MATERIAL PROVIDED
+ + + +
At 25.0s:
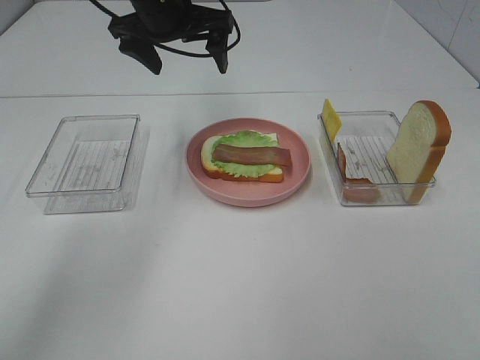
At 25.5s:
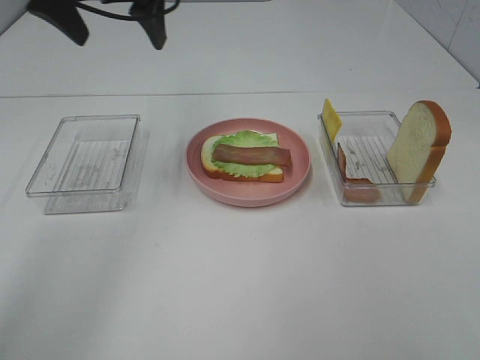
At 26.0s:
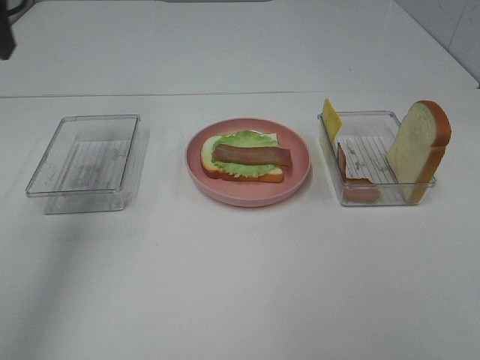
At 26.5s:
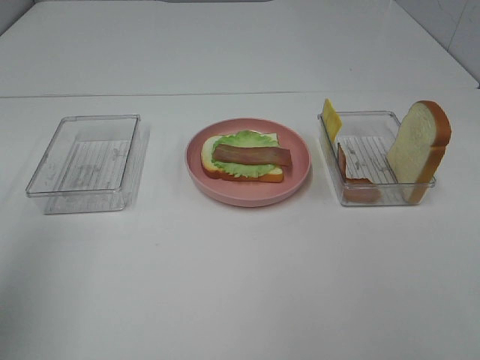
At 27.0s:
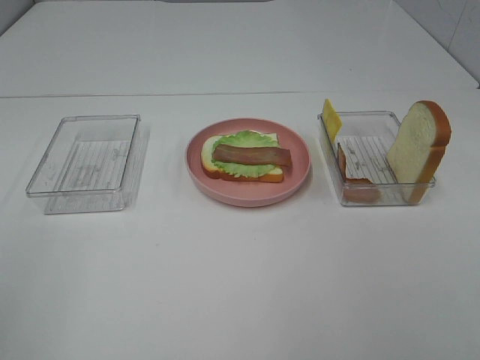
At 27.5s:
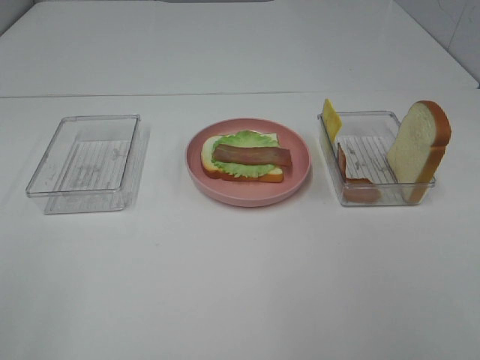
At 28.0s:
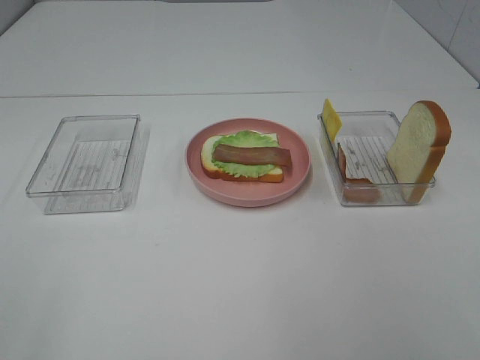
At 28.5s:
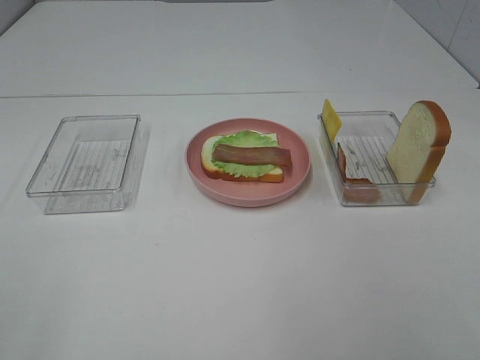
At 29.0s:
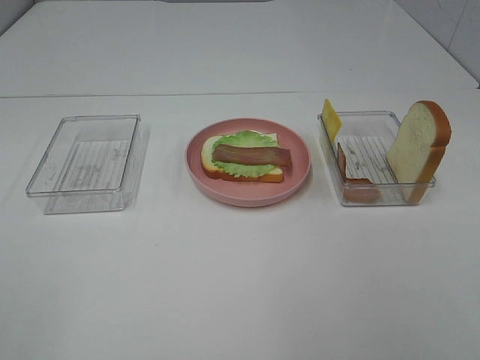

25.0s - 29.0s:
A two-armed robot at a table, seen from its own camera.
Task of the whole recording: Make sandwiches.
25.0s - 27.0s: The left gripper heads backward and to the left, covering about 50 cm.
+ + + +
TASK INSTRUCTIONS
In your copy of the data above, leave out the pictures and repeat everything else exactly.

ANSWER
At 25.0s:
At 25.5s:
At 26.0s:
At 26.5s:
At 27.0s:
At 27.5s:
At 28.0s:
At 28.5s:
At 29.0s:

25.0s - 29.0s:
A two-armed robot at a table, seen from its own camera.
Task of the whole recording: Make sandwiches.
25.0s - 27.0s: The left gripper heads backward and to the left, covering about 50 cm.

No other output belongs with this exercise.